Research:Understanding Curious and Critical Readers

Tracked in Phabricator:
Task T293036
16:48, 15 October 2021 (UTC)
Dani S. Bassett
David Lydon-Staley
Shubhankar Patankar
Perry Zurn
Duration:  2021-September – ??

This page documents a research project in progress.
Information may be incomplete and change as the project progresses.
Please contact the project lead before formally citing or reusing results from this page.

As part of the strategic direction “Knowledge as a Service”, the Wikimedia Research team is developing new approaches to support the users of the Wikimedia projects in preserving the reliability and integrity of Wikimedia projects [1] (including the problem of disinformation and misinformation[2]). The main focus has been on content directly or supporting editors[3][4]. Here we want to approach this problem from the perspective of readers who are consuming the content:

The rise of misinformation and disinformation keeps us up at night.

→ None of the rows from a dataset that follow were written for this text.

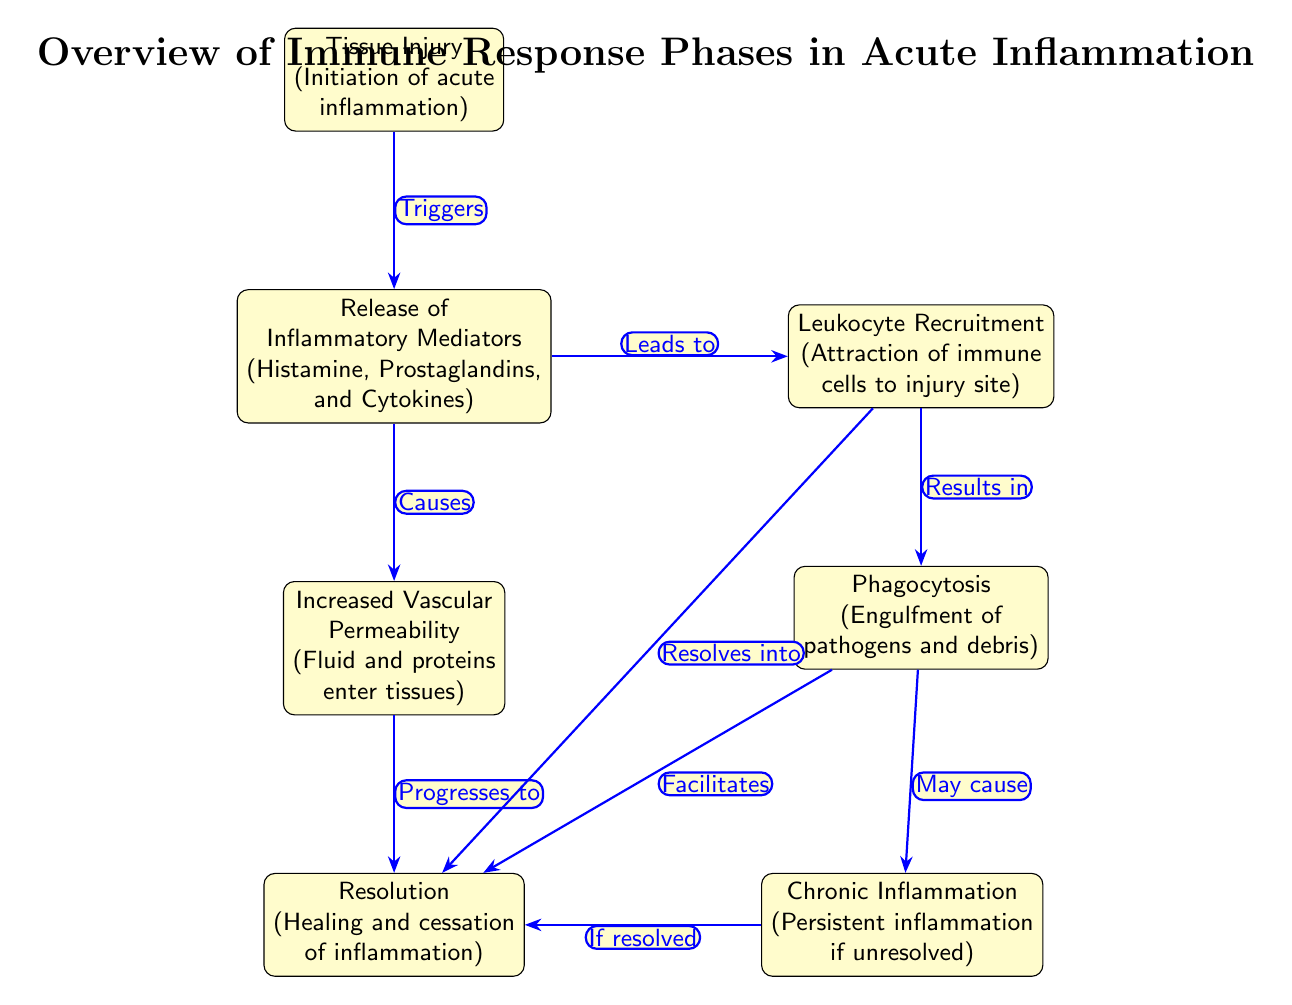What initiates acute inflammation? The diagram labels the first node as "Tissue Injury," which indicates that tissue injury is the initial trigger for acute inflammation.
Answer: Tissue Injury Which inflammatory mediators are released? The second node specifies that inflammatory mediators such as "Histamine, Prostaglandins, and Cytokines" are released during this phase.
Answer: Histamine, Prostaglandins, and Cytokines How many major phases are depicted in the diagram? By counting the nodes in the diagram, there are a total of six main phases outlined.
Answer: Six What causes increased vascular permeability? The diagram indicates that the "Release of Inflammatory Mediators" leads to increased vascular permeability, implying that the mediators are responsible for this effect.
Answer: Release of Inflammatory Mediators Which phase leads to phagocytosis? The diagram shows an arrow from "Leukocyte Recruitment" to "Phagocytosis," indicating that the recruitment of immune cells leads to this action.
Answer: Leukocyte Recruitment Which node represents the resolution of inflammation? The "Resolution" node, located below the increased vascular permeability and phagocytosis nodes, signifies the end phase of acute inflammation.
Answer: Resolution What happens if inflammation is unresolved? The last node connected to "Phagocytosis" indicates that chronic inflammation occurs if the resolution does not take place, showing the possibility of lingering inflammatory response.
Answer: Chronic Inflammation How do leukocyte recruitment and phagocytosis interrelate? The diagram shows that leukocyte recruitment results in phagocytosis, establishing a sequential relationship where the former is necessary for initiating the latter.
Answer: Results in What connects the phases of increased vascular permeability and resolution? Both nodes ("Increased Vascular Permeability" and "Resolution") are linked via the "Fluid and proteins enter tissues" concept, showing the transition from one to the other through their effects.
Answer: Increased Vascular Permeability What results from phagocytosis during inflammation? According to the diagram, the action of phagocytosis leads to the "Resolution" of inflammation, providing clarity about the end phase after immune response actions are taken.
Answer: Facilitates 
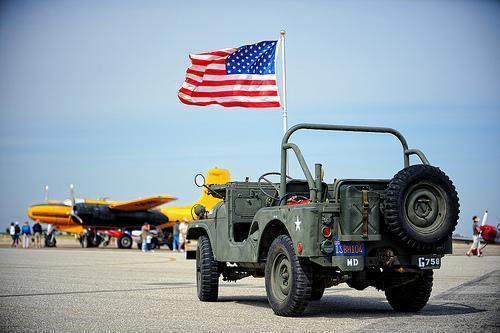How many tires does the jeep have?
Give a very brief answer. 5. How many jeeps?
Give a very brief answer. 1. 
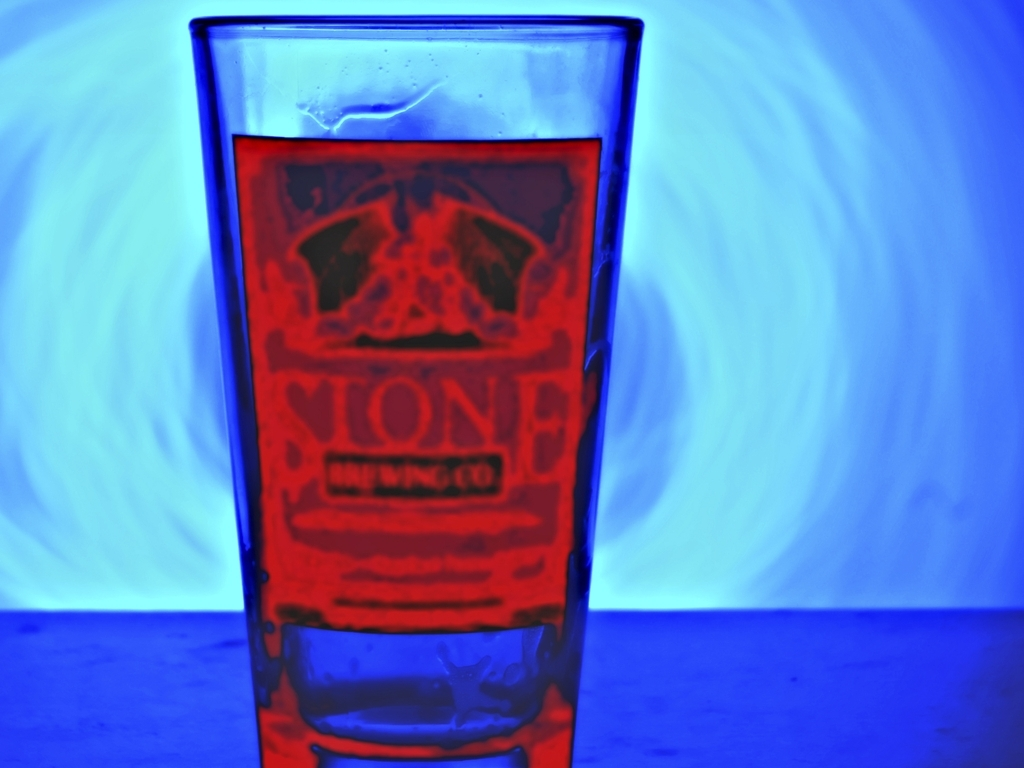What is the lighting condition in the image? A. Bright B. Overexposed C. Insufficient D. Sufficient Answer with the option's letter from the given choices directly. The lighting condition in the image can be described as sufficient, which aligns with option D. Despite the vivid play of blue hues in the background and the strong contrast presented on the glass, the details remain visible and clear, indicating the lighting isn't so poor as to obscure important features nor overexposed to a point that it washes out the image. The level of illumination provides a balanced visibility. 
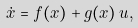<formula> <loc_0><loc_0><loc_500><loc_500>\dot { x } & = f ( x ) + g ( x ) \, u ,</formula> 
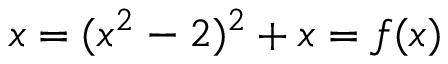<formula> <loc_0><loc_0><loc_500><loc_500>x = ( x ^ { 2 } - 2 ) ^ { 2 } + x = f ( x )</formula> 
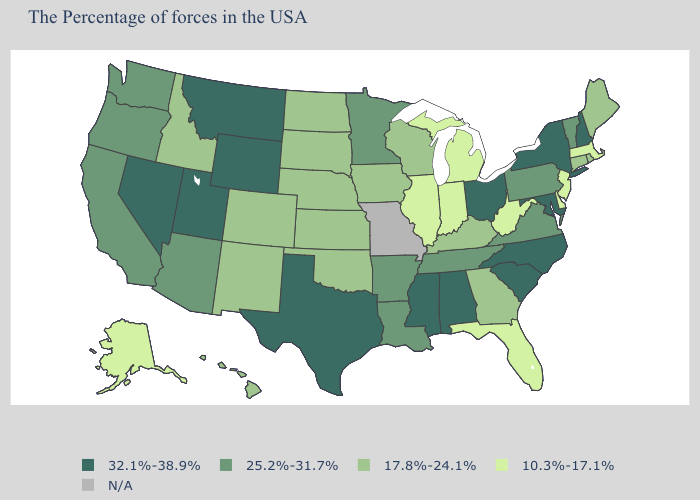Name the states that have a value in the range 17.8%-24.1%?
Short answer required. Maine, Rhode Island, Connecticut, Georgia, Kentucky, Wisconsin, Iowa, Kansas, Nebraska, Oklahoma, South Dakota, North Dakota, Colorado, New Mexico, Idaho, Hawaii. What is the highest value in the South ?
Write a very short answer. 32.1%-38.9%. Among the states that border California , does Nevada have the lowest value?
Keep it brief. No. Which states have the highest value in the USA?
Write a very short answer. New Hampshire, New York, Maryland, North Carolina, South Carolina, Ohio, Alabama, Mississippi, Texas, Wyoming, Utah, Montana, Nevada. Name the states that have a value in the range 10.3%-17.1%?
Keep it brief. Massachusetts, New Jersey, Delaware, West Virginia, Florida, Michigan, Indiana, Illinois, Alaska. What is the value of Oklahoma?
Concise answer only. 17.8%-24.1%. What is the value of Tennessee?
Short answer required. 25.2%-31.7%. Is the legend a continuous bar?
Short answer required. No. What is the value of Vermont?
Answer briefly. 25.2%-31.7%. What is the value of Wyoming?
Be succinct. 32.1%-38.9%. What is the highest value in states that border Montana?
Concise answer only. 32.1%-38.9%. Among the states that border Rhode Island , which have the highest value?
Be succinct. Connecticut. Which states have the lowest value in the South?
Be succinct. Delaware, West Virginia, Florida. 
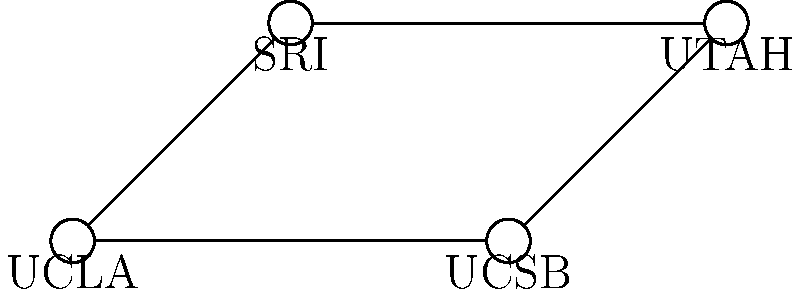In the early stages of ARPANET, what was the topology of the network connecting the first four nodes (UCLA, SRI, UCSB, and UTAH)? To determine the topology of the early ARPANET, let's analyze the connections step-by-step:

1. The diagram shows four nodes: UCLA, SRI, UCSB, and UTAH.
2. We can observe the following connections:
   - UCLA is connected to SRI and UCSB
   - SRI is connected to UCLA and UTAH
   - UCSB is connected to UCLA and UTAH
   - UTAH is connected to SRI and UCSB
3. Each node is connected to exactly two other nodes.
4. The connections form a closed loop, where data can travel from any node to any other node.
5. This arrangement creates a ring-like structure, where each node acts as both a host and a relay.
6. In network topology terms, this configuration is known as a "ring topology."

The ring topology was chosen for its reliability and efficiency in the early stages of ARPANET. It allowed for data to be transmitted in either direction around the ring, providing redundancy in case of a single link failure.
Answer: Ring topology 
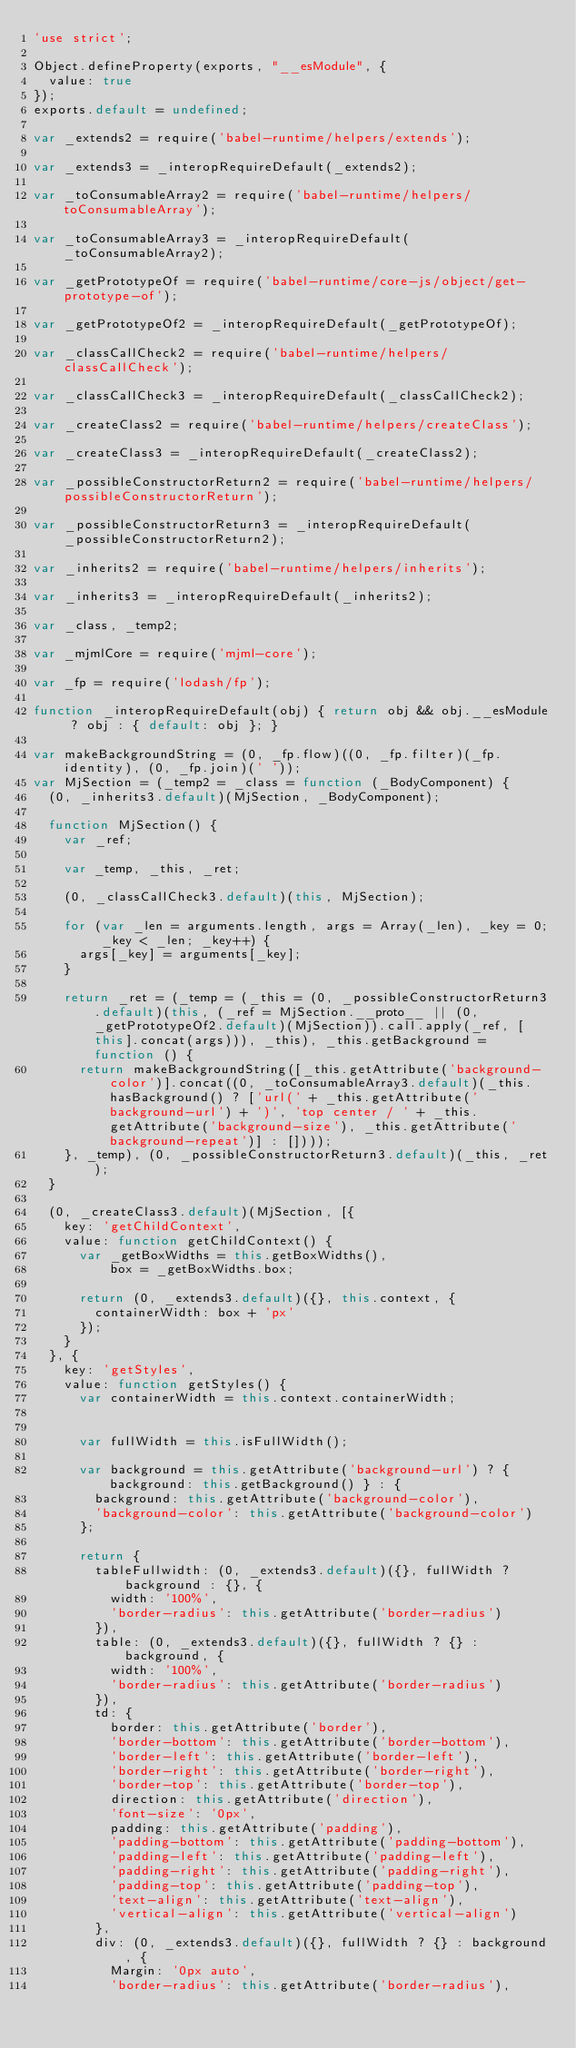Convert code to text. <code><loc_0><loc_0><loc_500><loc_500><_JavaScript_>'use strict';

Object.defineProperty(exports, "__esModule", {
  value: true
});
exports.default = undefined;

var _extends2 = require('babel-runtime/helpers/extends');

var _extends3 = _interopRequireDefault(_extends2);

var _toConsumableArray2 = require('babel-runtime/helpers/toConsumableArray');

var _toConsumableArray3 = _interopRequireDefault(_toConsumableArray2);

var _getPrototypeOf = require('babel-runtime/core-js/object/get-prototype-of');

var _getPrototypeOf2 = _interopRequireDefault(_getPrototypeOf);

var _classCallCheck2 = require('babel-runtime/helpers/classCallCheck');

var _classCallCheck3 = _interopRequireDefault(_classCallCheck2);

var _createClass2 = require('babel-runtime/helpers/createClass');

var _createClass3 = _interopRequireDefault(_createClass2);

var _possibleConstructorReturn2 = require('babel-runtime/helpers/possibleConstructorReturn');

var _possibleConstructorReturn3 = _interopRequireDefault(_possibleConstructorReturn2);

var _inherits2 = require('babel-runtime/helpers/inherits');

var _inherits3 = _interopRequireDefault(_inherits2);

var _class, _temp2;

var _mjmlCore = require('mjml-core');

var _fp = require('lodash/fp');

function _interopRequireDefault(obj) { return obj && obj.__esModule ? obj : { default: obj }; }

var makeBackgroundString = (0, _fp.flow)((0, _fp.filter)(_fp.identity), (0, _fp.join)(' '));
var MjSection = (_temp2 = _class = function (_BodyComponent) {
  (0, _inherits3.default)(MjSection, _BodyComponent);

  function MjSection() {
    var _ref;

    var _temp, _this, _ret;

    (0, _classCallCheck3.default)(this, MjSection);

    for (var _len = arguments.length, args = Array(_len), _key = 0; _key < _len; _key++) {
      args[_key] = arguments[_key];
    }

    return _ret = (_temp = (_this = (0, _possibleConstructorReturn3.default)(this, (_ref = MjSection.__proto__ || (0, _getPrototypeOf2.default)(MjSection)).call.apply(_ref, [this].concat(args))), _this), _this.getBackground = function () {
      return makeBackgroundString([_this.getAttribute('background-color')].concat((0, _toConsumableArray3.default)(_this.hasBackground() ? ['url(' + _this.getAttribute('background-url') + ')', 'top center / ' + _this.getAttribute('background-size'), _this.getAttribute('background-repeat')] : [])));
    }, _temp), (0, _possibleConstructorReturn3.default)(_this, _ret);
  }

  (0, _createClass3.default)(MjSection, [{
    key: 'getChildContext',
    value: function getChildContext() {
      var _getBoxWidths = this.getBoxWidths(),
          box = _getBoxWidths.box;

      return (0, _extends3.default)({}, this.context, {
        containerWidth: box + 'px'
      });
    }
  }, {
    key: 'getStyles',
    value: function getStyles() {
      var containerWidth = this.context.containerWidth;


      var fullWidth = this.isFullWidth();

      var background = this.getAttribute('background-url') ? { background: this.getBackground() } : {
        background: this.getAttribute('background-color'),
        'background-color': this.getAttribute('background-color')
      };

      return {
        tableFullwidth: (0, _extends3.default)({}, fullWidth ? background : {}, {
          width: '100%',
          'border-radius': this.getAttribute('border-radius')
        }),
        table: (0, _extends3.default)({}, fullWidth ? {} : background, {
          width: '100%',
          'border-radius': this.getAttribute('border-radius')
        }),
        td: {
          border: this.getAttribute('border'),
          'border-bottom': this.getAttribute('border-bottom'),
          'border-left': this.getAttribute('border-left'),
          'border-right': this.getAttribute('border-right'),
          'border-top': this.getAttribute('border-top'),
          direction: this.getAttribute('direction'),
          'font-size': '0px',
          padding: this.getAttribute('padding'),
          'padding-bottom': this.getAttribute('padding-bottom'),
          'padding-left': this.getAttribute('padding-left'),
          'padding-right': this.getAttribute('padding-right'),
          'padding-top': this.getAttribute('padding-top'),
          'text-align': this.getAttribute('text-align'),
          'vertical-align': this.getAttribute('vertical-align')
        },
        div: (0, _extends3.default)({}, fullWidth ? {} : background, {
          Margin: '0px auto',
          'border-radius': this.getAttribute('border-radius'),</code> 
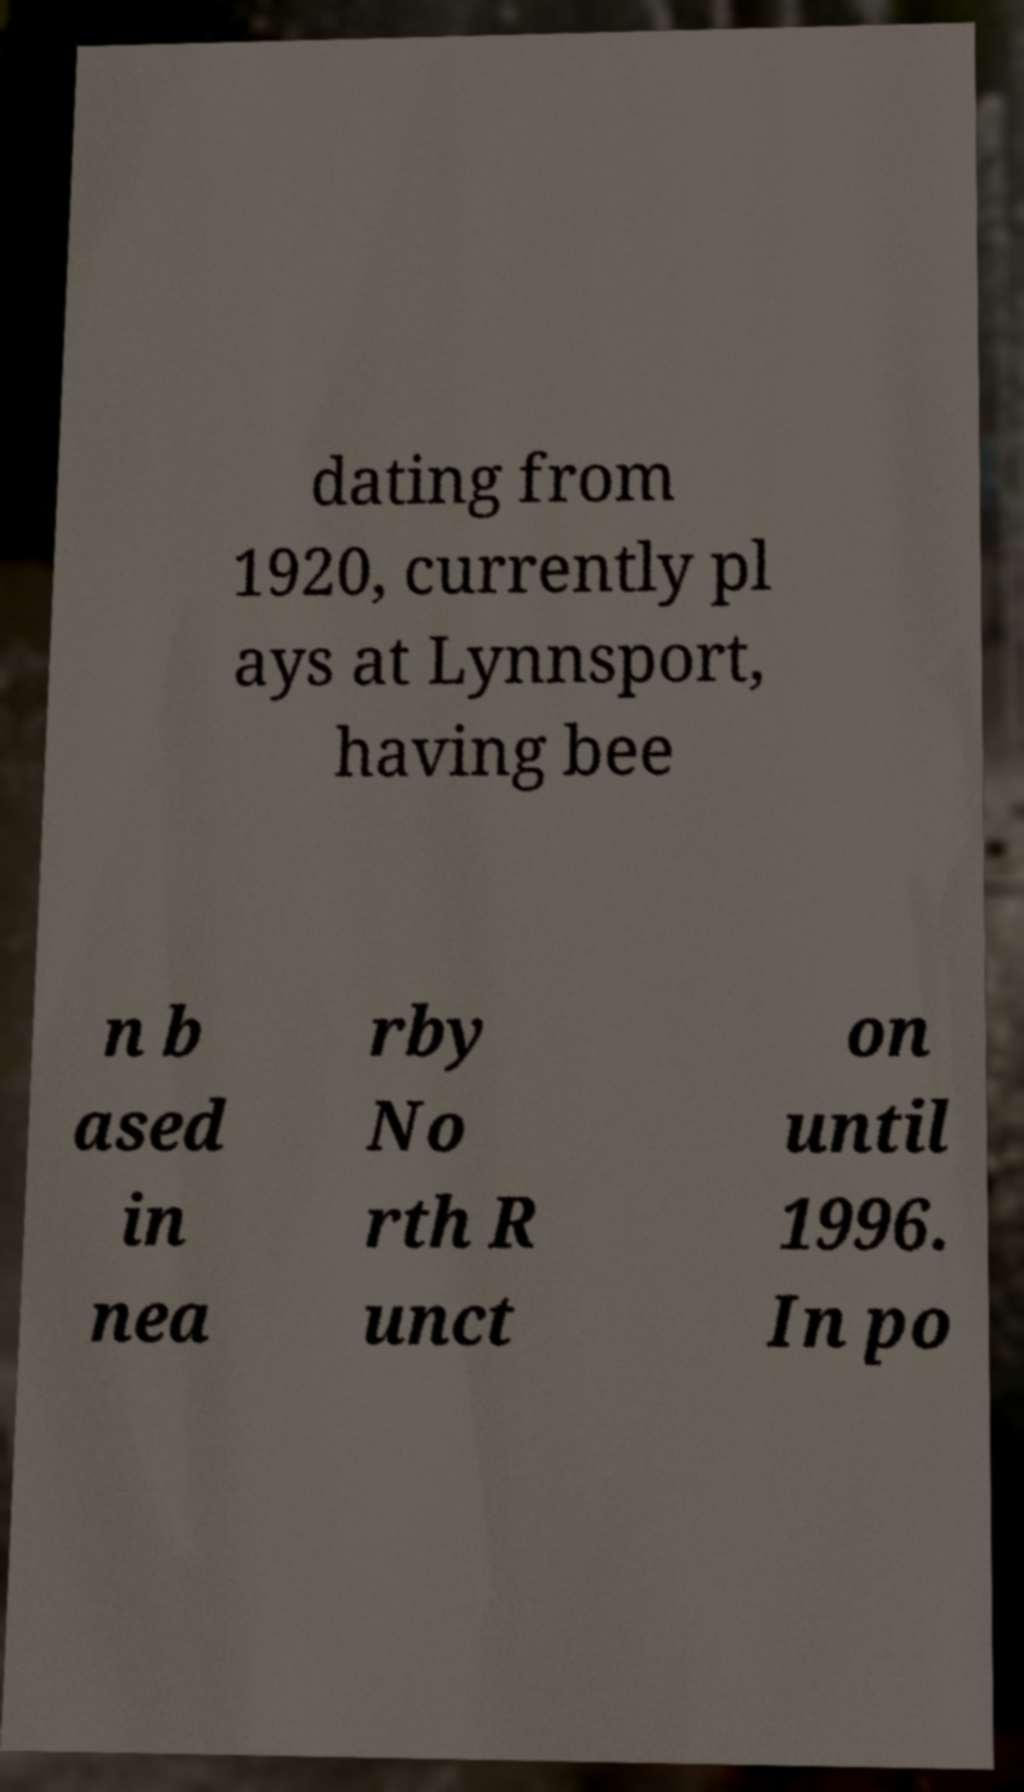Can you read and provide the text displayed in the image?This photo seems to have some interesting text. Can you extract and type it out for me? dating from 1920, currently pl ays at Lynnsport, having bee n b ased in nea rby No rth R unct on until 1996. In po

No law or fancy new AI is going to solve the problem. We all have to be a little more vigilant, a little more thoughtful, a little more careful when sharing information -- and every once in a while we need to call bullshit when we see it.

— Bergstrom, C. T., & West, J. D. (2021). Calling bullshit: the art of skepticism in a data-driven world.

Everyday, Wikimedia projects are accessed by millions of users from all over the world with different motivations and seeking for different information[5]. The question is how we can empower these readers to be more curious and inquisitive about the information they find on Wikimedia projects; such that, as a result, they become more resilient to unreliable content as well as misinformation and disinformation. In order to approach this question, we need to understand how readers on Wikipedia are curious in general, as well as how readers can engage critically with the information they encounter there.

Research questions


Curious Readers


How are readers curious when seeking for information in Wikipedia?

Curiosity is considered a multi-faceted trait including aspects such as deprivation sensitivity, joyous exploration, social curiosity, etc (instead of just low or high curiosity). While curiosity is generally regarded beneficial to learning,  there are now indications that there is a “dark side of curiosity”[6]. Specifically, one facet of curiosity called deprivation sensitivity was associated with errors in discerning the novelty and quality of information. In a recent study it was shown how participants with different traits pursue different strategies when browsing pages on Wikipedia[7]. Characterizing the knowledge networks constructed during the information seeking, they showed how to quantify different curiosity profiles from the browsing sessions. However, the study was restricted to only a small sample of a few hundred readers of English Wikipedia in the US and thus it is hard to generalize the findings.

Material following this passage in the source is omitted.